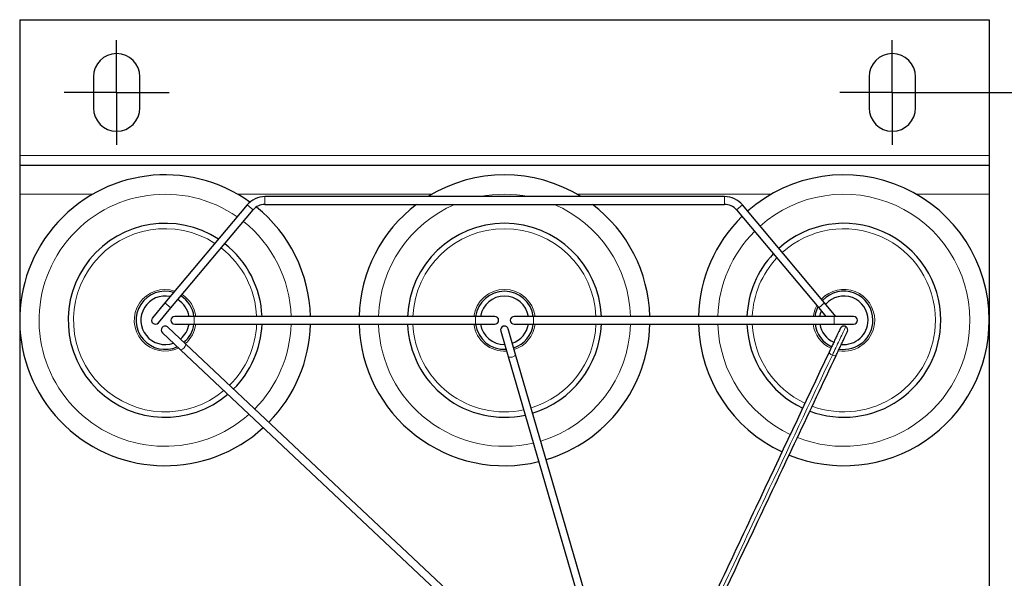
# Model space of a CAD drawing. Header units: millimetres. Extents: x 5 to 418, y 2 to 292.
# Tile 6 of 40: x 79 to 129, y 117 to 146. Entities that reach past the tile are written whole.
import ezdxf

# ---------------------------------------------------------------- set-up
doc = ezdxf.new("R2010")
doc.units = ezdxf.units.MM
doc.layers.add('SLD-0', color=7, linetype='Continuous')
doc.styles.add('SLDTEXTSTYLE0', font='TXT', dxfattribs={"width": 0.605})
doc.dimstyles.new('SLDDIMSTYLE0', dxfattribs={"dimtxt": 3.5, "dimasz": 3.302, "dimexe": 0, "dimexo": 0.0625, "dimgap": 0.875, "dimtad": 1, "dimlfac": 2, "dimrnd": 1e-09, "dimzin": 12, "dimdsep": 46, "dimtxsty": 'SLDTEXTSTYLE0', "dimsah": 1, "dimcen": 0.09, "dimadec": 0, "dimazin": 3, "dimtfac": 1, "dimtofl": 0, "dimtmove": 0, "dimatfit": 3, "dimfxl": 1, "dimfrac": 2, "dimtolj": 1, "dimtzin": 12, "dimarcsym": 0})

# ---------------------------------------------------------------- blocks, each defined once
blk = doc.blocks.new('_D_4')
at = {"layer": 'SLD-0', "color": 7}
for p, q in [((126.212, 142.168), (144.228, 142.168)), ((143.228, 94.668), (143.228, 142.168)), ((126.212, 94.668), (144.228, 94.668))]:
    blk.add_line(p, q, dxfattribs=at)
for points in [[(143.228, 142.168), (142.72, 138.866), (143.736, 138.866)], [(143.228, 94.668), (143.736, 97.97), (142.72, 97.97)]]:
    blk.add_solid(points, dxfattribs=at)
at = {"layer": 'SLD-0', "color": 7, "insert": (138.717, 115.744), "char_height": 3.5, "attachment_point": 1, "rotation": 90, "style": 'SLDTEXTSTYLE0'}
blk.add_mtext('95', dxfattribs=at)
blk = doc.blocks.new('SW_CENTERMARKSYMBOL_0')
at = {"layer": 'SLD-0', "color": 0}
for p, q in [((0, 1.5), (0, 2.7)), ((0, 0), (0, 1.5)), ((-1.5, 0), (-2.7, 0)), ((0, 0), (-1.5, 0)), ((0, 0), (0, -1.5)), ((0, 0), (1.5, 0)), ((1.5, 0), (2.7, 0)), ((0, -1.5), (0, -2.7))]:
    blk.add_line(p, q, dxfattribs=at)
blk = doc.blocks.new('SW_CENTERMARKSYMBOL_1')
at = {"layer": 'SLD-0', "color": 0}
for p, q in [((0, 1.5), (0, 2.7)), ((0, 0), (0, 1.5)), ((-1.5, 0), (-2.7, 0)), ((0, 0), (-1.5, 0)), ((0, 0), (0, -1.5)), ((0, 0), (1.5, 0)), ((1.5, 0), (2.7, 0)), ((0, -1.5), (0, -2.7))]:
    blk.add_line(p, q, dxfattribs=at)

msp = doc.modelspace()

# ---------------------------------------------------------------- linework, layer by layer
at = {"color": 7, "linetype": 'Continuous', "lineweight": 25}
for p, q in [((78.512, 145.9178), (78.512, 138.9178)), ((78.512, 145.9178), (128.512, 145.9178)), ((128.512, 145.9178), (128.512, 138.9178)), ((82.312, 142.9678), (82.312, 141.3678)), ((84.712, 141.3678), (84.712, 142.9678)), ((122.312, 142.9678), (122.312, 141.3678)), ((124.712, 141.3678), (124.712, 142.9678)), ((78.512, 138.9178), (78.512, 138.4178)), ((128.512, 138.9178), (128.512, 138.4178)), ((78.512, 138.4178), (78.512, 136.9178)), ((78.512, 138.4178), (128.512, 138.4178)), ((128.512, 138.4178), (128.512, 136.9178)), ((78.512, 136.9178), (78.512, 99.9178)), ((114.8643, 136.7928), (91.1598, 136.7928)), ((128.512, 136.9178), (128.512, 99.9178)), ((90.2405, 136.3642), (86.0016, 131.3124)), ((86.308, 131.0553), (90.5469, 136.1071)), ((91.1598, 136.3928), (114.8643, 136.3928)), ((115.4771, 136.1071), (119.716, 131.0553)), ((120.0224, 131.3124), (115.7835, 136.3642)), ((86.0016, 131.3124), (85.3588, 130.5464)), ((85.6652, 130.2893), (86.308, 131.0553)), ((119.716, 131.0553), (120.0831, 130.6178)), ((120.6053, 130.6178), (120.0224, 131.3124)), ((87.512, 130.6178), (86.512, 130.6178)), ((102.012, 130.6178), (87.512, 130.6178)), ((103.012, 130.6178), (102.012, 130.6178)), ((105.012, 130.6178), (104.012, 130.6178)), ((120.512, 130.6178), (105.012, 130.6178)), ((121.512, 130.6178), (120.512, 130.6178)), ((86.1305, 130.079), (86.149, 130.0635)), ((87.0775, 129.1902), (86.149, 130.0635)), ((86.512, 130.2178), (87.512, 130.2178)), ((87.512, 130.2178), (102.012, 130.2178)), ((102.012, 130.2178), (103.012, 130.2178)), ((104.012, 130.2178), (105.012, 130.2178)), ((105.012, 130.2178), (120.512, 130.2178)), ((120.512, 130.2178), (121.512, 130.2178)), ((85.875, 129.7721), (86.8034, 128.8988)), ((103.3199, 129.8621), (103.7032, 128.542)), ((104.0873, 128.6535), (103.7041, 129.9736)), ((104.8314, 112.4908), (87.0775, 129.1902)), ((86.8034, 128.8988), (104.5573, 112.1995)), ((103.7032, 128.542), (108.5077, 111.9922)), ((108.8918, 112.1037), (104.0873, 128.6535))]:
    msp.add_line(p, q, dxfattribs=at)
at = {"color": 7, "linetype": 'Continuous', "lineweight": 18}
for p, q in [((78.512, 138.9178), (128.512, 138.9178)), ((78.512, 136.9178), (82.2704, 136.9178)), ((89.7537, 136.9178), (99.7704, 136.9178)), ((91.1598, 136.3928), (91.1598, 136.7928)), ((107.2537, 136.9178), (117.2704, 136.9178)), ((114.8643, 136.3928), (114.8643, 136.7928)), ((124.7537, 136.9178), (128.512, 136.9178)), ((90.5469, 136.1071), (90.2405, 136.3642)), ((115.4771, 136.1071), (115.7835, 136.3642)), ((86.308, 131.0553), (86.0016, 131.3124)), ((119.716, 131.0553), (120.0224, 131.3124)), ((87.512, 130.6178), (87.512, 130.2178)), ((102.012, 130.6178), (102.012, 130.2178)), ((105.012, 130.6178), (105.012, 130.2178)), ((120.512, 130.6178), (120.512, 130.2178)), ((121.1118, 130.0911), (121.1124, 130.0923)), ((87.0813, 129.1846), (87.0775, 129.1902))]:
    msp.add_line(p, q, dxfattribs=at)
at = {"color": 7, "linetype": 'Continuous', "lineweight": 18, "flags": 128}
for points in [[(119.4324, 130.6178), (119.5316, 131.004), (119.613, 131.1781)], [(103.7032, 128.542), (103.7209, 128.5213), (103.7661, 128.5082), (103.8309, 128.5088), (103.9055, 128.5228)], [(103.9055, 128.5228), (103.9785, 128.5483), (104.0389, 128.5813), (104.0774, 128.6168), (104.0882, 128.6495), (104.0873, 128.6535)], [(120.254, 128.7785), (120.2515, 128.7717), (120.2596, 128.7385), (120.2942, 128.6981), (120.3502, 128.6569), (120.419, 128.621)], [(120.419, 128.621), (120.4901, 128.5959), (120.5527, 128.5854), (120.5973, 128.5912), (120.6152, 128.6067)]]:
    msp.add_lwpolyline(points, dxfattribs=at)
at = {"color": 7, "linetype": 'Continuous', "lineweight": 25, "flags": 128}
for points in [[(119.5254, 130.6178), (119.5631, 130.8061), (119.677, 131.1018)], [(119.7781, 130.6178), (119.8126, 130.77), (119.8547, 130.8901)]]:
    msp.add_lwpolyline(points, dxfattribs=at)
at = {"color": 7, "linetype": 'Continuous', "lineweight": 25}
for centre, radius, start, end in [((83.512, 142.9678), 1.2, 0, 180), ((123.512, 142.9678), 1.2, 0, 180), ((83.512, 141.3678), 1.2, 180, 0), ((123.512, 141.3678), 1.2, 180, 0), ((86.012, 130.4178), 7.5, 54.32267, 312.43884), ((103.512, 130.4178), 7.5, 58.21167, 121.78833), ((121.012, 130.4178), 7.5, 0, 131.39833), ((91.1598, 135.5928), 1.2, 90, 140), ((114.8643, 135.5928), 1.2, 40, 90), ((91.1598, 135.5928), 0.8, 90, 140), ((86.012, 130.4178), 7.5, 1.52807, 51.1509), ((103.512, 130.4178), 7.5, 127.18704, 178.47193), ((103.512, 130.4178), 7.5, 1.52807, 52.81296), ((114.8643, 135.5928), 0.8, 40, 90), ((121.012, 130.4178), 7.5, 134.45846, 178.47193), ((86.012, 130.4178), 5, 56.69618, 310.27402), ((103.512, 130.4178), 5, 2.29244, 177.70756), ((121.012, 130.4178), 5, 0, 132.09775), ((86.012, 130.4178), 5, 2.29244, 52.09775), ((121.012, 130.4178), 5, 136.69618, 177.70756), ((86.012, 130.4178), 1.5, 72.87248, 294.65857), ((86.012, 130.4178), 1.25, 77.80202, 289.92193), ((86.012, 130.4178), 1.5, 7.66226, 57.0084), ((103.512, 130.4178), 1.5, 7.66226, 172.33774), ((103.512, 130.4178), 1.25, 9.2069, 170.7931), ((121.012, 130.4178), 1.5, 0, 137.0084), ((121.012, 130.4178), 1.25, 0, 138.41939), ((86.012, 130.4178), 1.25, 9.2069, 58.41939), ((85.512, 130.4178), 0.2, 140, 320), ((86.512, 130.4178), 0.2, 90, 270), ((103.012, 130.4178), 0.2, 270, 90), ((104.012, 130.4178), 0.2, 90, 270), ((121.512, 130.4178), 0.2, 270, 90), ((86.012, 129.9178), 0.2, 53.68014, 226.75312), ((86.012, 130.4178), 1.25, 309.20474, 350.7931), ((86.012, 130.4178), 1.5, 310.46839, 352.33774), ((86.012, 130.4178), 5, 314.87114, 357.70756), ((86.012, 130.4178), 7.5, 315.49859, 358.47193), ((103.512, 130.4178), 7.5, 181.52807, 283.59473), ((103.512, 130.4178), 5, 182.29244, 282.29621), ((103.512, 130.4178), 1.5, 187.66226, 273.11111), ((103.512, 130.4178), 1.25, 189.2069, 270.43376), ((103.512, 129.9178), 0.2, 109.35518, 196.18843), ((103.512, 129.9178), 0.2, 16.18843, 109.35518), ((103.512, 130.4178), 1.25, 288.96728, 350.7931), ((103.512, 130.4178), 1.5, 288.50386, 352.33774), ((103.512, 130.4178), 5, 286.88288, 357.70756), ((103.512, 130.4178), 7.5, 286.65139, 358.47193), ((121.012, 130.4178), 7.5, 181.52807, 244.85076), ((121.012, 130.4178), 5, 182.29244, 244.88284), ((121.012, 130.4178), 7.5, 247.92312, 0), ((121.012, 130.4178), 5, 249.4834, 0), ((121.012, 130.4178), 1.5, 187.66226, 245.27436), ((121.012, 130.4178), 1.25, 189.2069, 245.37859), ((121.012, 130.4178), 1.5, 260.98712, 0), ((121.012, 129.9178), 0.2, 60.06077, 155.81032), ((121.012, 130.4178), 1.25, 264.2339, 0), ((121.012, 129.9178), 0.2, 334.83146, 60.06077)]:
    msp.add_arc(centre, radius, start, end, dxfattribs=at)
at = {"color": 7, "linetype": 'Continuous', "lineweight": 18}
for centre, radius, start, end in [((86.012, 130.4178), 6.5, 55.1461, 311.77354), ((103.512, 130.4178), 6.5, 78.74529, 101.25471), ((121.012, 130.4178), 6.5, 0, 131.61351), ((103.512, 130.4178), 6.5, 113.18612, 178.23677), ((103.512, 130.4178), 6.5, 1.76323, 66.81388), ((86.012, 130.4178), 4.7232, 57.09052, 309.89258), ((86.012, 130.4178), 6.5, 1.76323, 51.61351), ((103.512, 130.4178), 4.7232, 2.42685, 177.57315), ((121.012, 130.4178), 4.7232, 0, 132.22073), ((121.012, 130.4178), 6.5, 135.1461, 178.23677), ((86.012, 130.4178), 4.7232, 2.42685, 52.22073), ((121.012, 130.4178), 4.7232, 137.09052, 177.57315), ((86.012, 130.4178), 1.5923, 71.47903, 295.99998), ((86.012, 130.4178), 1.5923, 7.21586, 56.60046), ((103.512, 130.4178), 1.5923, 7.21586, 172.78414), ((121.012, 130.4178), 1.5923, 0, 136.60046), ((86.012, 130.4178), 1.5923, 310.83388, 352.78414), ((86.012, 130.4178), 4.7232, 314.76082, 357.57315), ((86.012, 130.4178), 6.5, 315.30555, 358.23677), ((103.512, 130.4178), 6.5, 181.76323, 283.19536), ((103.512, 130.4178), 4.7232, 182.42685, 282.06775), ((103.512, 130.4178), 1.5923, 187.21586, 273.88109), ((103.512, 130.4178), 1.5923, 288.36963, 352.78414), ((103.512, 130.4178), 4.7232, 286.92358, 357.57315), ((103.512, 130.4178), 6.5, 286.72262, 358.23677), ((121.012, 130.4178), 6.5, 181.76323, 244.85138), ((121.012, 130.4178), 4.7232, 182.42685, 244.89511), ((121.012, 130.4178), 6.5, 248.38396, 0), ((121.012, 130.4178), 4.7232, 249.81771, 0), ((121.012, 130.4178), 1.5923, 187.21586, 245.24417), ((121.012, 130.4178), 1.5923, 260.0465, 0), ((86.7348, 129.2436), 0.3516, 281.26786, 350.33371)]:
    msp.add_arc(centre, radius, start, end, dxfattribs=at)
at = {"color": 7, "linetype": 'Continuous', "lineweight": 25}
for points, knots in [([(120.8312, 130.003), (120.8287, 129.9978), (120.8238, 129.9874), (120.7858, 129.9067), (120.7268, 129.7815), (120.6493, 129.6172), (120.5572, 129.4217), (120.4567, 129.2084), (120.3524, 128.9871), (120.2865, 128.8473), (120.2535, 128.7773)], [0, 0, 0, 0, 0.125028, 0.2500497, 0.3750489, 0.5000387, 0.6250219, 0.7500043, 0.8750022, 1, 1, 1, 1]), ([(121.1126, 130.0928), (121.1011, 130.0985), (121.0788, 130.1097), (121.0404, 130.1172), (121.0024, 130.1178), (120.9659, 130.1119), (120.9195, 130.0963), (120.8695, 130.0635), (120.8502, 130.0351), (120.8396, 130.0195)], [0, 0, 0, 0, 0.1082486, 0.2094742, 0.3063473, 0.4029743, 0.5031766, 0.7265787, 1, 1, 1, 1]), ([(120.6151, 128.6067), (120.648, 128.6767), (120.714, 128.8166), (120.8184, 129.0381), (120.9189, 129.2514), (121.0111, 129.447), (121.0886, 129.6115), (121.1476, 129.7367), (121.1857, 129.8174), (121.1906, 129.8278), (121.193, 129.833)], [0, 0, 0, 0, 0.1250077, 0.2500143, 0.3750002, 0.4999849, 0.6249736, 0.7499677, 0.8749825, 1, 1, 1, 1]), ([(120.2535, 128.7773), (118.992, 126.1058), (116.3854, 120.586), (113.7872, 115.0623), (112.4465, 112.2119)], [0, 0, 0, 0, 0.4839828, 1, 1, 1, 1]), ([(112.8081, 112.0414), (114.0651, 114.7152), (116.6624, 120.2398), (119.2697, 125.7588), (120.6151, 128.6067)], [0, 0, 0, 0, 0.483982, 1, 1, 1, 1])]:
    msp.add_open_spline(points, degree=3, knots=knots, dxfattribs=at)
at = {"color": 7, "linetype": 'Continuous', "lineweight": 18}
for points, knots in [([(120.419, 128.621), (120.4787, 128.7478), (120.5983, 129.0015), (120.7845, 129.3967), (120.9534, 129.755), (121.0848, 130.0338), (121.1028, 130.072), (121.1118, 130.0911)], [0, 0, 0, 0, 0.1867942, 0.3736379, 0.5607319, 0.7801908, 1, 1, 1, 1]), ([(112.6119, 112.0556), (114.0643, 115.1435), (116.6625, 120.6673), (119.2694, 126.1869), (120.419, 128.621)], [0, 0, 0, 0, 0.5590087, 1, 1, 1, 1])]:
    msp.add_open_spline(points, degree=3, knots=knots, dxfattribs=at)

# ---------------------------------------------------------------- block references
at = {"layer": 'SLD-0', "color": 7}
for name, p in [('SW_CENTERMARKSYMBOL_0', (83.512, 142.1678)), ('SW_CENTERMARKSYMBOL_1', (123.512, 142.1678))]:
    msp.add_blockref(name, p, dxfattribs=at)

# ---------------------------------------------------------------- dimensions: what is measured, and where the dimension line sits
dim = msp.add_linear_dim(base=(143.2284, 142.1678), p1=(126.212, 94.6678), p2=(126.212, 142.1678), angle=90, dimstyle='SLDDIMSTYLE0', dxfattribs=at)
dim.commit()
dim.dimension.update_dxf_attribs({"geometry": '_D_4', "text_midpoint": (143.2284, 118.4178), "dimtype": 160})

doc.saveas('drawing.dxf')

* _WORK TO COMPLETE_
When you reach the line with "blk = doc.blocks.new('_D_4')" in the records above, start writing out lines exactly, and stop once the line with "msp = doc.modelspace()" has been written; include nothing else.

* _TASK SOLUTION_
blk = doc.blocks.new('_D_4')
at = {"layer": 'SLD-0', "color": 7}
for p, q in [((126.212, 142.168), (144.228, 142.168)), ((143.228, 94.668), (143.228, 142.168)), ((126.212, 94.668), (144.228, 94.668))]:
    blk.add_line(p, q, dxfattribs=at)
for points in [[(143.228, 142.168), (142.72, 138.866), (143.736, 138.866)], [(143.228, 94.668), (143.736, 97.97), (142.72, 97.97)]]:
    blk.add_solid(points, dxfattribs=at)
at = {"layer": 'SLD-0', "color": 7, "insert": (138.717, 115.744), "char_height": 3.5, "attachment_point": 1, "rotation": 90, "style": 'SLDTEXTSTYLE0'}
blk.add_mtext('95', dxfattribs=at)
blk = doc.blocks.new('SW_CENTERMARKSYMBOL_0')
at = {"layer": 'SLD-0', "color": 0}
for p, q in [((0, 1.5), (0, 2.7)), ((0, 0), (0, 1.5)), ((-1.5, 0), (-2.7, 0)), ((0, 0), (-1.5, 0)), ((0, 0), (0, -1.5)), ((0, 0), (1.5, 0)), ((1.5, 0), (2.7, 0)), ((0, -1.5), (0, -2.7))]:
    blk.add_line(p, q, dxfattribs=at)
blk = doc.blocks.new('SW_CENTERMARKSYMBOL_1')
at = {"layer": 'SLD-0', "color": 0}
for p, q in [((0, 1.5), (0, 2.7)), ((0, 0), (0, 1.5)), ((-1.5, 0), (-2.7, 0)), ((0, 0), (-1.5, 0)), ((0, 0), (0, -1.5)), ((0, 0), (1.5, 0)), ((1.5, 0), (2.7, 0)), ((0, -1.5), (0, -2.7))]:
    blk.add_line(p, q, dxfattribs=at)

msp = doc.modelspace()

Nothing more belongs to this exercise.